Branagh é genial em sua estória. Longe de ser somente mais um filme de fotografia deslumbrante e uma trilha sonora maravilhosa, Belfast, sem nenhuma pretensão, é sobre a família, a tolerância e a falta dela, a luta pela sobrevivência e finalmente, sobre como juntos somos mais fortes.
Essa é a história de uma família que vê o mundo através de seu microcosmo, que permeia cada momento de sua vida. Ele se revela quando Buddy e os seus veem televisão em casa e ela é pequena e preta e branca. Mas quando eles saem e entram no cinema, o mundo se abre numa perspectiva bem maior e passa a ser colorido, encantando-os e hipnotizando-os.
É difícil deixar a segurança do lar e abraçar o desconhecido, mesmo quando essa segurança é abalada e obriga a esse abraço. Por ser maior, o macrocosmo assusta, mesmo que esteja permeado de possibilidades e cores, o que não quer dizer que seja fácil.

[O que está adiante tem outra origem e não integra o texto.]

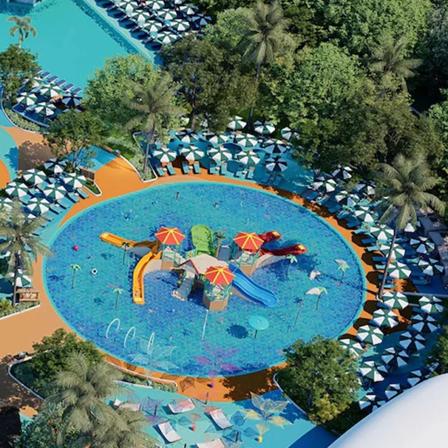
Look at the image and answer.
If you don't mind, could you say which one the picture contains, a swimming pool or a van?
swimming pool
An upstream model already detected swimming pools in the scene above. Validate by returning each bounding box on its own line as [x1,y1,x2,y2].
[0,0,160,91]
[47,182,363,374]
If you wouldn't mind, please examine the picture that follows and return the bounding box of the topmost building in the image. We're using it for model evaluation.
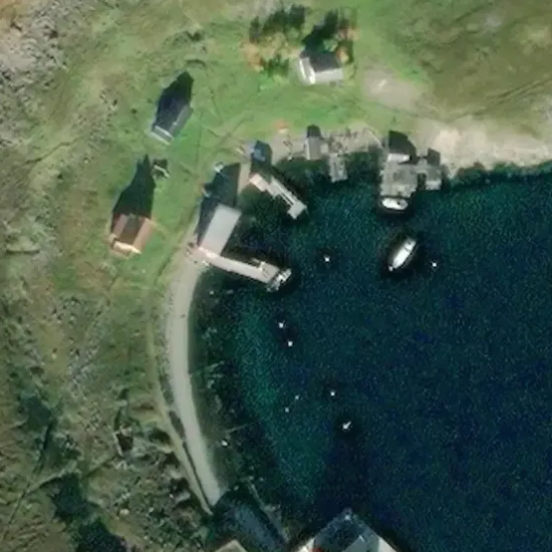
[301,58,344,91]
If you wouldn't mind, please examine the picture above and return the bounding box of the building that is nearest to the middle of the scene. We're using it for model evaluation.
[196,203,240,260]
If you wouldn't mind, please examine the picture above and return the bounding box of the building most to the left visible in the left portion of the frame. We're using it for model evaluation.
[109,216,152,264]
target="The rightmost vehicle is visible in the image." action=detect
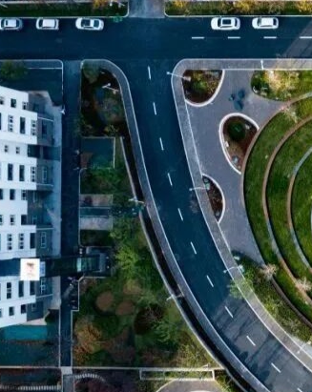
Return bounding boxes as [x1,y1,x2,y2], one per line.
[253,16,280,30]
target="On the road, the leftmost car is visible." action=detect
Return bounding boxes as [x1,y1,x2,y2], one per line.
[0,17,26,31]
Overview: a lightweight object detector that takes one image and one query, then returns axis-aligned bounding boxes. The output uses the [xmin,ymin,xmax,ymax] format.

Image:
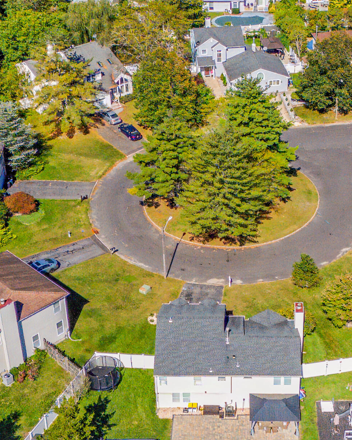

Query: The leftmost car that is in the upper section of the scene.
[100,108,124,123]
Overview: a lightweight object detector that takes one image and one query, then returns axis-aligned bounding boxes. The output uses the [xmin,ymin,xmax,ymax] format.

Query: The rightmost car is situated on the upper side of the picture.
[120,124,145,139]
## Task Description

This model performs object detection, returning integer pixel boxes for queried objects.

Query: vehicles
[100,108,124,123]
[32,256,63,274]
[120,124,145,139]
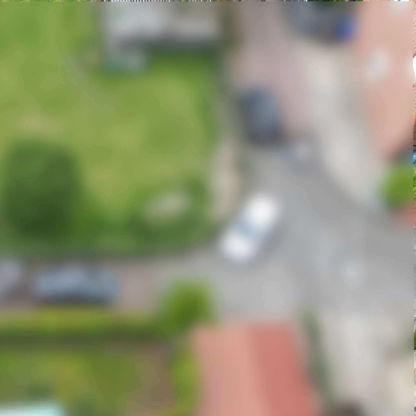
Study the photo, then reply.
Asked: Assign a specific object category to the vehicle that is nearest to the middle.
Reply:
car
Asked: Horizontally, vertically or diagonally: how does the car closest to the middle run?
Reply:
diagonally
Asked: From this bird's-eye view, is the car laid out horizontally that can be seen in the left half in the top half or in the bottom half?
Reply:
bottom
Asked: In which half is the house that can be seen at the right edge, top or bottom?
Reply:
top
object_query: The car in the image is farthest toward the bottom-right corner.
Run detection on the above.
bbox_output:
[215,196,274,267]
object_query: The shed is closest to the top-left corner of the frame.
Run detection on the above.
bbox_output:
[96,3,222,64]
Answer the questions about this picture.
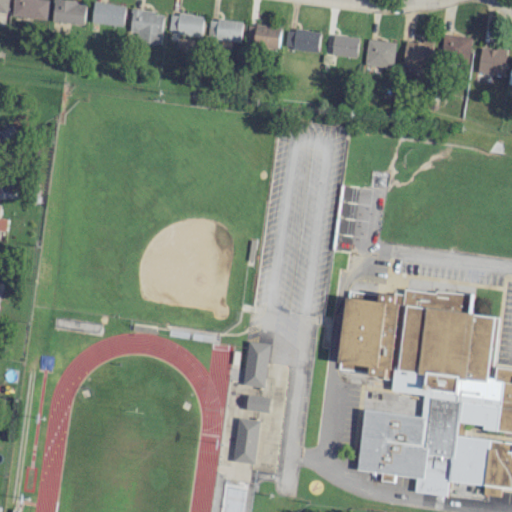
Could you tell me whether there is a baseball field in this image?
Yes
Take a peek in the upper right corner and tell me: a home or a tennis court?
home
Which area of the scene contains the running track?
bottom left
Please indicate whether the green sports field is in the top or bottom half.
bottom
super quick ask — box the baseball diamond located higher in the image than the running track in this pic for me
[139,218,234,320]
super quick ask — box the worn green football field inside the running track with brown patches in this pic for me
[58,356,201,512]
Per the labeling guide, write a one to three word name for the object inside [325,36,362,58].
house
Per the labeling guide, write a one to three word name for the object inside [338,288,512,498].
building
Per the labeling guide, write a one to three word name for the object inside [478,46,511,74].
house
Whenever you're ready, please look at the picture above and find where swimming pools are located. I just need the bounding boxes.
[5,369,18,383]
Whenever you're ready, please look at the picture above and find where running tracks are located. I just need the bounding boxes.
[36,334,233,512]
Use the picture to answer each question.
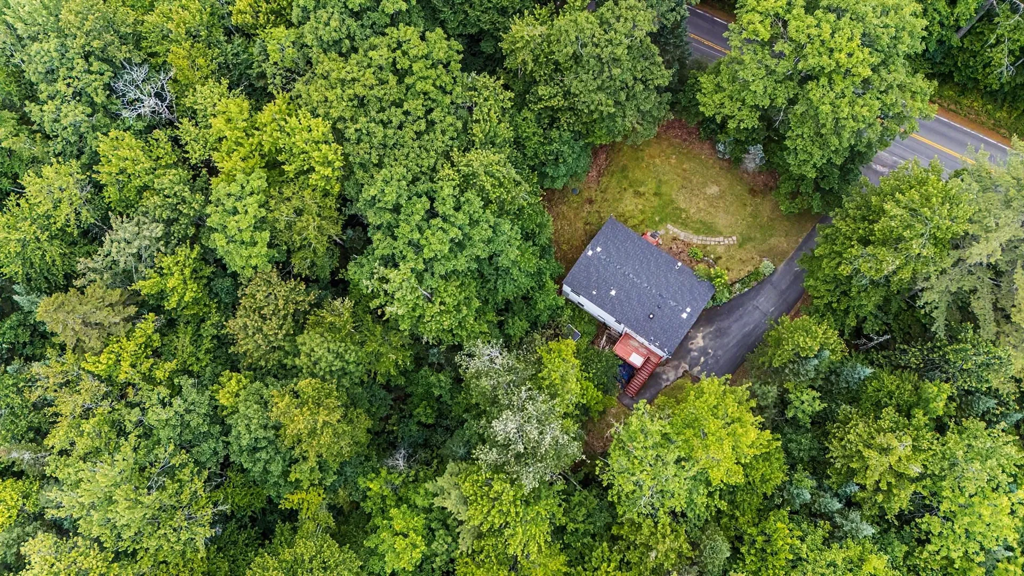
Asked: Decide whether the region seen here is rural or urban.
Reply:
rural
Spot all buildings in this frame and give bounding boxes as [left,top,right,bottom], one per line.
[562,217,715,362]
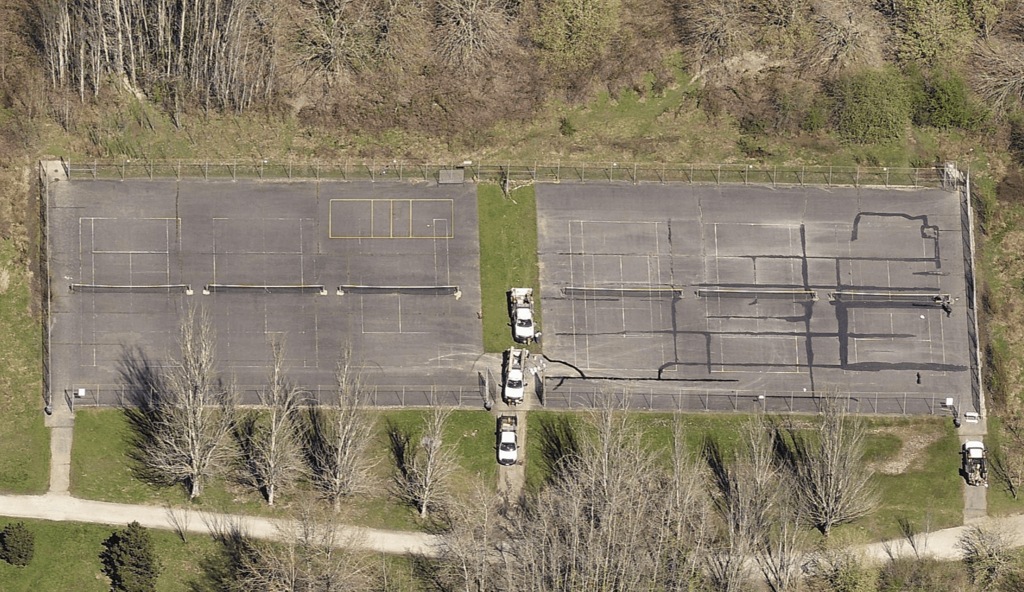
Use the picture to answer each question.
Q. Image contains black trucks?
No
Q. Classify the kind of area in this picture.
sports ground
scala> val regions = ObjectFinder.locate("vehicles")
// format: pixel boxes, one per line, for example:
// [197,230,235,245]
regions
[512,291,537,345]
[496,416,521,466]
[963,443,988,489]
[504,351,528,406]
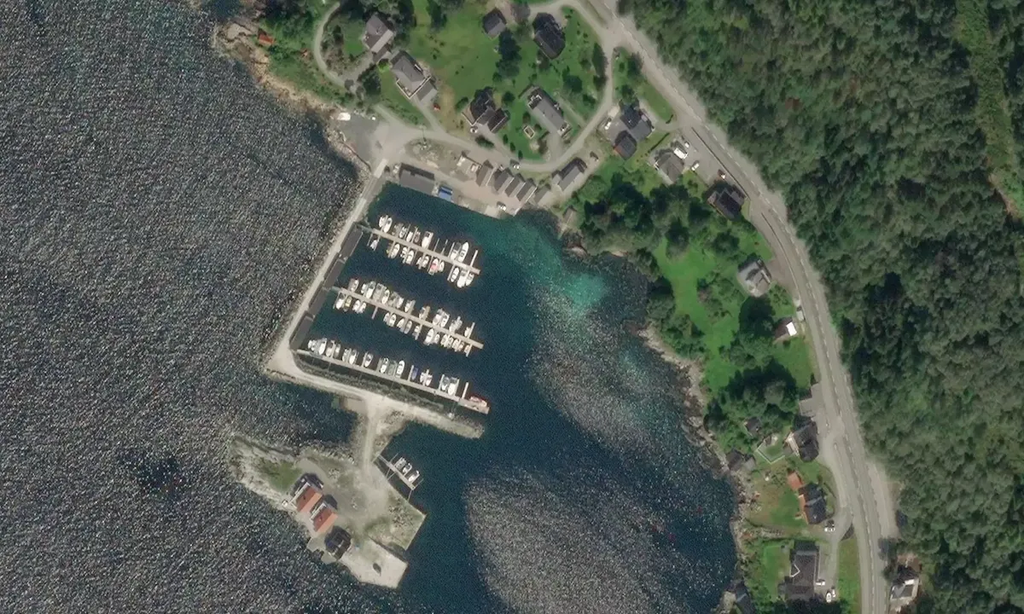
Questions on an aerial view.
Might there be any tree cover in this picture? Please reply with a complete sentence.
Yes, there is tree cover in the image.
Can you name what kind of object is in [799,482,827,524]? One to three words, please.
house
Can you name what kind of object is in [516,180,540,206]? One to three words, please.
building
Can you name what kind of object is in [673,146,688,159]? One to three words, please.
vehicle
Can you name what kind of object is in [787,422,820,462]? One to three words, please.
house
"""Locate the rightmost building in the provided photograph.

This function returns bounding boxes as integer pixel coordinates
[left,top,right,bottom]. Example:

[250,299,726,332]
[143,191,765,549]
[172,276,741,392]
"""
[890,578,919,603]
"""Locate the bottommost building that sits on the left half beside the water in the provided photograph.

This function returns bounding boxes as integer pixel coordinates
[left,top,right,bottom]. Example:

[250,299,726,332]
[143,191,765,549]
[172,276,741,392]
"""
[324,530,351,560]
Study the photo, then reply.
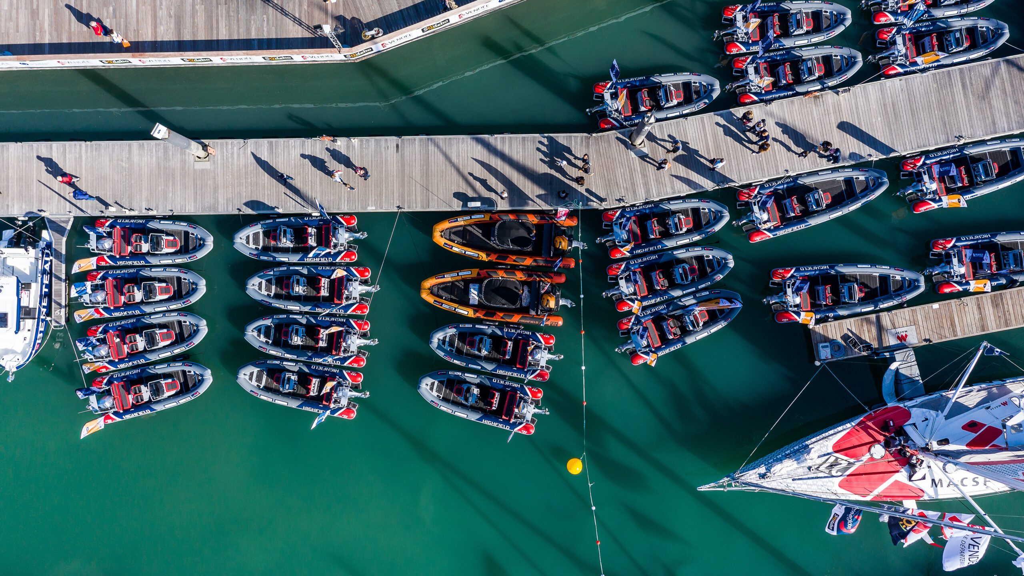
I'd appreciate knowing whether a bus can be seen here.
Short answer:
No
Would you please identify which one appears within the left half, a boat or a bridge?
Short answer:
boat
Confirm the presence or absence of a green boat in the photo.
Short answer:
No
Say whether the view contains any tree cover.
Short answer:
No
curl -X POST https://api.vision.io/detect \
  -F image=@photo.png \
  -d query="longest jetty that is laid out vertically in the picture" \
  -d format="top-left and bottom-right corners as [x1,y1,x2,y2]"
[45,216,79,331]
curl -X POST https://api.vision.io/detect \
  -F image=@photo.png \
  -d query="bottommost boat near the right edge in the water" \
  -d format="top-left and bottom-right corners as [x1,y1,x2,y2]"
[698,343,1024,576]
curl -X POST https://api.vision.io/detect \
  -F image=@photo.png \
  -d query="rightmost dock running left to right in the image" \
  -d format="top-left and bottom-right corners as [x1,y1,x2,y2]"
[805,286,1024,367]
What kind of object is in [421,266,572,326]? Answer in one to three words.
boat
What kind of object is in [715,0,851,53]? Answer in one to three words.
boat
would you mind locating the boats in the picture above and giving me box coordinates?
[615,293,746,366]
[862,0,983,23]
[764,262,925,325]
[896,139,1024,211]
[80,312,209,373]
[429,322,560,384]
[421,266,572,326]
[602,248,736,314]
[80,361,215,437]
[245,314,376,367]
[0,215,52,389]
[733,166,890,240]
[924,229,1024,293]
[72,218,214,273]
[234,204,365,263]
[247,265,378,316]
[597,198,731,257]
[869,9,1009,76]
[71,267,207,323]
[433,212,584,270]
[416,371,546,441]
[726,40,863,103]
[715,0,851,53]
[698,343,1024,576]
[588,63,721,129]
[238,360,368,428]

E essa é a mágica do filme. Muito mais do que mais um trabalho na carreira de Branagh, é quase que um retrato de sua vida, a vida de um homem que saiu de seu microcosmo, mas que nunca o esqueceu, porque afinal, nossas origens são o que nos define e, por mais que você esteja longe, é sempre lá que você vai encontrar conforto e aquela tão buscada segurança. Cada um tem a sua Belfast. Qual é a sua?